In Malawi even when clinics are easy to reach — which is unusual in a country where data shows the majority of people are poor, depend on subsistence farming and live in rural areas — many men tend to stay away.
Mulanje is no exception, despite having the highest HIV prevalence rate in Malawi. One in five people surveyed here are living with the virus, according to the Demographic and Health Survey.
Mobile clinics, such as the one visiting Mwanakhu, have changed healthcare in the past decade. In 2008 the Elizabeth Taylor Aids Foundation (Etaf), together with Gaia and the district health office in Mulanje, started the project with two four-wheel drive vehicles, driving medical teams to rotating sites such as churches or community buildings.
The teams, which have since grown to seven, arrive at a specific site on a specific day and offer family planning services, as well as care for conditions such as malaria and pneumonia. When they test for HIV and tuberculosis (TB), they arrange follow-up care at district clinics.
The mobile clinics conduct more than 200 000 consultations each year, putting about 1-million Malawians within an hour’s walk of healthcare, according to information on the Gaia website.
Women, eager to get care for their children and who have to attend for antenatal and under-five visits, have flocked to the clinics, says Phiri.
And that got the researchers at Etaf thinking that women could help to get the men to the clinics.
“Women have acted as our message carriers to their husbands,” Phiri explains. “Women have played an important role and we have made tremendous progress on getting men to test and starting them on treatment.”
Village chiefs, many deeply concerned about the effect of HIV on their communities, have pledged their support to the mobile clinics. The men who did come to the clinic have also become ambassadors.
Check out how Malawi is changing the HIV self-testing game
[multimedia source=”http://bhekisisa.org/multimedia/2016-07-20-aids2016-how-can-hiv-self-testing-benefit-those-living-in-rural-areas”]
When Kennedy Kasela fell ill while working in South Africa, his relatives in Mwanukhu village were convinced he had been bewitched.
“There were allegations that some people were jealous that I was going to make lots of money,” he says. But when he became too ill to work, he returned to Malawi where he eventually — and reluctantly — got tested for HIV and TB at the mobile clinic. He was positive on both counts.
“I was immediately put on treatment and they have made sure I take my medicine and eat properly.”
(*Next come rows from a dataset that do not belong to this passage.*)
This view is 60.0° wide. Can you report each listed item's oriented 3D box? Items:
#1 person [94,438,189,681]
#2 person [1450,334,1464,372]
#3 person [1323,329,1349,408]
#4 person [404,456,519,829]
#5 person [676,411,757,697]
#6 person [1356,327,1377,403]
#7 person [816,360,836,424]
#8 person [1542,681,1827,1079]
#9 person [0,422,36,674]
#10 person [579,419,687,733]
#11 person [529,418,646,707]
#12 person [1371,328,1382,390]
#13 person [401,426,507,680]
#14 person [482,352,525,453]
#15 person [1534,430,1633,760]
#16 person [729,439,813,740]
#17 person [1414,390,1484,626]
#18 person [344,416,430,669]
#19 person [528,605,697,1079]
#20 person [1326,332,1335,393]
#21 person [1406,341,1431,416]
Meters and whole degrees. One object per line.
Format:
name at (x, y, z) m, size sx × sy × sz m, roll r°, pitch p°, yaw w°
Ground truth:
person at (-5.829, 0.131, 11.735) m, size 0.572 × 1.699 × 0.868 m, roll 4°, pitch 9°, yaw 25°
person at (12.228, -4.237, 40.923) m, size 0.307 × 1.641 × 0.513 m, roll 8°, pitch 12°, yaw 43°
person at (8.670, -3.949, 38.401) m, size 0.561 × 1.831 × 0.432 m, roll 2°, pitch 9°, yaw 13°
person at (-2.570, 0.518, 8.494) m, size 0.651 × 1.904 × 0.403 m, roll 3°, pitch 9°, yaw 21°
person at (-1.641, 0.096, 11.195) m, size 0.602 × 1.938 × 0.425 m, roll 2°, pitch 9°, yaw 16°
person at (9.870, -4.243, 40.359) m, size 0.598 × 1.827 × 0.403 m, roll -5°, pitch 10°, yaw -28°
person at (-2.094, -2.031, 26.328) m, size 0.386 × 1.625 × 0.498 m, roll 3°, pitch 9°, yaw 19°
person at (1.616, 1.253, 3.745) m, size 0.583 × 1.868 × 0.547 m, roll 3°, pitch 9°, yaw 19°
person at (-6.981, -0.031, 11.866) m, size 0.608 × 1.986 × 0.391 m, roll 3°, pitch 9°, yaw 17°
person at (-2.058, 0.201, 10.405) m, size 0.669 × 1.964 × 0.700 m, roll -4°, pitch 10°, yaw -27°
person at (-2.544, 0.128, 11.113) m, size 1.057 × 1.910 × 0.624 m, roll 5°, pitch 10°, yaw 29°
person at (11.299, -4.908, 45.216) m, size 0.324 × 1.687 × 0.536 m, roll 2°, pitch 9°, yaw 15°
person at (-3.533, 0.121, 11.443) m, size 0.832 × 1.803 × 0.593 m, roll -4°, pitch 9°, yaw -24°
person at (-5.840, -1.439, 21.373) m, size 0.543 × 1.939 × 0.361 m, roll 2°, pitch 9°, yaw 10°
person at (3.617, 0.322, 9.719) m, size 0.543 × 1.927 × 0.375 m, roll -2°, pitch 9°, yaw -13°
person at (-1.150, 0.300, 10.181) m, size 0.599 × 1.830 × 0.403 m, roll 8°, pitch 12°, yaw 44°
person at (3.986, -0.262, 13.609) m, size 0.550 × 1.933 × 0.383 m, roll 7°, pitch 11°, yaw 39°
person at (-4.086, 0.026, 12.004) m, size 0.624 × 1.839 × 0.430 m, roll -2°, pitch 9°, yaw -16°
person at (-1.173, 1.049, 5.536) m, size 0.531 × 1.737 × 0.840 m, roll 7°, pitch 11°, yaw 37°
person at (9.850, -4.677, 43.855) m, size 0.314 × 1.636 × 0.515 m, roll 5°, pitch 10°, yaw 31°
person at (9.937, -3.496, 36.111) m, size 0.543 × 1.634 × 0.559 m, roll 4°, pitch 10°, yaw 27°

Now Kasela is a volunteer, convincing men in the village to seek care earlier than he did and trying to dispel myths about testing.
But many men here work long hours on the nearby tea plantations and, with jobs scarce, can’t afford to take time off.
Says Phiri: “We considered that, in most households, men are breadwinners and couldn’t make it to this place during the week.”
Three years ago a new idea was piloted: men’s health days, held on Saturdays when they are not at work.
This has been so successful — Etaf states on its website the men’s health days have increased HIV testing by the mobile clinics by 92% — that there is now a men’s clinic every Saturday. Although they are mostly attended by men, couples can also come on these days.
Moses says the camaraderie among the men during the short but agonising waits for test results prevented him from leaving.
The good thing is I was not the only one who came for testing. There were many of us and we kept talking about the benefits of knowing one’s status. The time went by so fast,” says Moses — who got his results within an hour and was put on antiretroviral treatment within a week.
Last year the US President’s Emergency Plan for Aids Relief announced a $4-million partnership with Etaf to reach more men with HIV prevention and treatment services in Malawi. In addition to the men’s clinics, the programme will focus on door-to-door testing.
Moses says it will help other men who fear the stigma and being mocked. “It was a relief to know and to tell the other men. Nobody laughed at me.”